▸ **Your assignment**
Check each line below for the word "Livello". Then give only how many lines have it.

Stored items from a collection

+---+

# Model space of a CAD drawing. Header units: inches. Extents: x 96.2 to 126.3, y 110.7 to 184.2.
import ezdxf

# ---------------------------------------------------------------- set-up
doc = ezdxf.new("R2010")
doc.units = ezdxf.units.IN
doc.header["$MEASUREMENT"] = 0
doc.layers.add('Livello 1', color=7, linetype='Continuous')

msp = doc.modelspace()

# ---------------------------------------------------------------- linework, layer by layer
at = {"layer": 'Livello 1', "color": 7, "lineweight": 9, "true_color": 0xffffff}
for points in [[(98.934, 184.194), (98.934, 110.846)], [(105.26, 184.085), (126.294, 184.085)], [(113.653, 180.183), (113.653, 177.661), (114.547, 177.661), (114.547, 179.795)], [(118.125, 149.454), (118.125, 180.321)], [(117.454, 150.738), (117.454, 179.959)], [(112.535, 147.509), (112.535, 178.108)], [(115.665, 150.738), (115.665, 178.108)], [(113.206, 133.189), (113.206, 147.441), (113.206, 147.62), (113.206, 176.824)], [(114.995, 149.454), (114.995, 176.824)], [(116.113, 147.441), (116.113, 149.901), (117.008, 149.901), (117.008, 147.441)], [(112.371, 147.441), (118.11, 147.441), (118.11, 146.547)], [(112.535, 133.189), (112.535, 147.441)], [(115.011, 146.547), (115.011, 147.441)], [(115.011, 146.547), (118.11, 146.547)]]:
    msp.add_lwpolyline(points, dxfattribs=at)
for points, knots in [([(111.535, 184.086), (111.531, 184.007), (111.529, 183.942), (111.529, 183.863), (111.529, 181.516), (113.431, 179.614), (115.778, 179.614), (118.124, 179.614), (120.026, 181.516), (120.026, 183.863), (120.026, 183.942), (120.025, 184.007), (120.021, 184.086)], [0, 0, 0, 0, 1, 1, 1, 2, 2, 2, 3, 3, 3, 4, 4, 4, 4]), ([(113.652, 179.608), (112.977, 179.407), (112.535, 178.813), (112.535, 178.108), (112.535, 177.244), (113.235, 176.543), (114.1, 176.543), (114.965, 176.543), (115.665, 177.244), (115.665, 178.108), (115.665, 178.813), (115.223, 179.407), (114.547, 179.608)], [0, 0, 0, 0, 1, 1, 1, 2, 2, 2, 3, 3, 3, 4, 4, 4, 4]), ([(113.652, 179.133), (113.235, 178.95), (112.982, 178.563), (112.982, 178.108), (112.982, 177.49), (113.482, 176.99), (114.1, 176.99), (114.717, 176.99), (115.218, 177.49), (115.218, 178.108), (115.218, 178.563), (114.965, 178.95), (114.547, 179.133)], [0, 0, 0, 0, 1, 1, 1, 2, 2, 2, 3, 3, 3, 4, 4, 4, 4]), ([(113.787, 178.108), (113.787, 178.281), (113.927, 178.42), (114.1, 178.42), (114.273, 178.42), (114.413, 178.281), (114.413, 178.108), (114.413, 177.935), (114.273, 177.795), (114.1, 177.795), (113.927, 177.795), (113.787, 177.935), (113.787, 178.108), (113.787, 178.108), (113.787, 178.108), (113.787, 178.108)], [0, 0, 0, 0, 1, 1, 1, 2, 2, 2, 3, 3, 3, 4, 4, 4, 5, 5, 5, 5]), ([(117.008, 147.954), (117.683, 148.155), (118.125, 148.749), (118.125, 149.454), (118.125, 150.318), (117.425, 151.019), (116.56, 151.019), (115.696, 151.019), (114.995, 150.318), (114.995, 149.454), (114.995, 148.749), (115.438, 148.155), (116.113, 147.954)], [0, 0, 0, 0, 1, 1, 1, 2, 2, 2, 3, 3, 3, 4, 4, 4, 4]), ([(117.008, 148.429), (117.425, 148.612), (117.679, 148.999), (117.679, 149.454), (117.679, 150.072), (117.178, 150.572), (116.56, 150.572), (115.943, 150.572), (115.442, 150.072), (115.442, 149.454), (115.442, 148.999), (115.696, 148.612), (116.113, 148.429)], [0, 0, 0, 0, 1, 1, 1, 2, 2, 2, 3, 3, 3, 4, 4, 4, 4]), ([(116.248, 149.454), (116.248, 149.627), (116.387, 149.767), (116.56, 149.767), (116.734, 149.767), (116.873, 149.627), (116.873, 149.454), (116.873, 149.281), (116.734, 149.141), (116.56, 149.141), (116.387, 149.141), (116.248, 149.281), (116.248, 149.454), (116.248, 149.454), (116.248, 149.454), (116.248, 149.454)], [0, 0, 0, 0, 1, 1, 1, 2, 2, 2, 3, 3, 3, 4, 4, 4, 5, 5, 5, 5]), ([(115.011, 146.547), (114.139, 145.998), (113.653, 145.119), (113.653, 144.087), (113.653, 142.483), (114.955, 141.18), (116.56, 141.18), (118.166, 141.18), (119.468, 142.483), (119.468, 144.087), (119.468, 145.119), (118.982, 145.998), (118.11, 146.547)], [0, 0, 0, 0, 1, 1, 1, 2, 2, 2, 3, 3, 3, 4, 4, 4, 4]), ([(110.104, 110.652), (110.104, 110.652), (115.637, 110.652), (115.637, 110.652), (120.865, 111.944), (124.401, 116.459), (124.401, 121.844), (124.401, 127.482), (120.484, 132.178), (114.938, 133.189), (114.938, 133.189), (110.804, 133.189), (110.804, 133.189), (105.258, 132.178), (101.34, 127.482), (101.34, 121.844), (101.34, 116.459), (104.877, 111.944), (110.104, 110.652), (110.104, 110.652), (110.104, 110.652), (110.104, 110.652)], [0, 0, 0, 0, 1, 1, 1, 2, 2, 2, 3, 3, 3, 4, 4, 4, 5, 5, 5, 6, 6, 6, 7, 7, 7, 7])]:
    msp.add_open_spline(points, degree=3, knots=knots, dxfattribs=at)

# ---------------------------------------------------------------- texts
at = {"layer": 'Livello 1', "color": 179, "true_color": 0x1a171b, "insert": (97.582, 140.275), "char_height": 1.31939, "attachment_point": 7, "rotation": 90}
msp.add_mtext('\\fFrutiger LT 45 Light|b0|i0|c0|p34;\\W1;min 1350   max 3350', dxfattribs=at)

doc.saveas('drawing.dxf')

+---+

▸ **Answer space**
3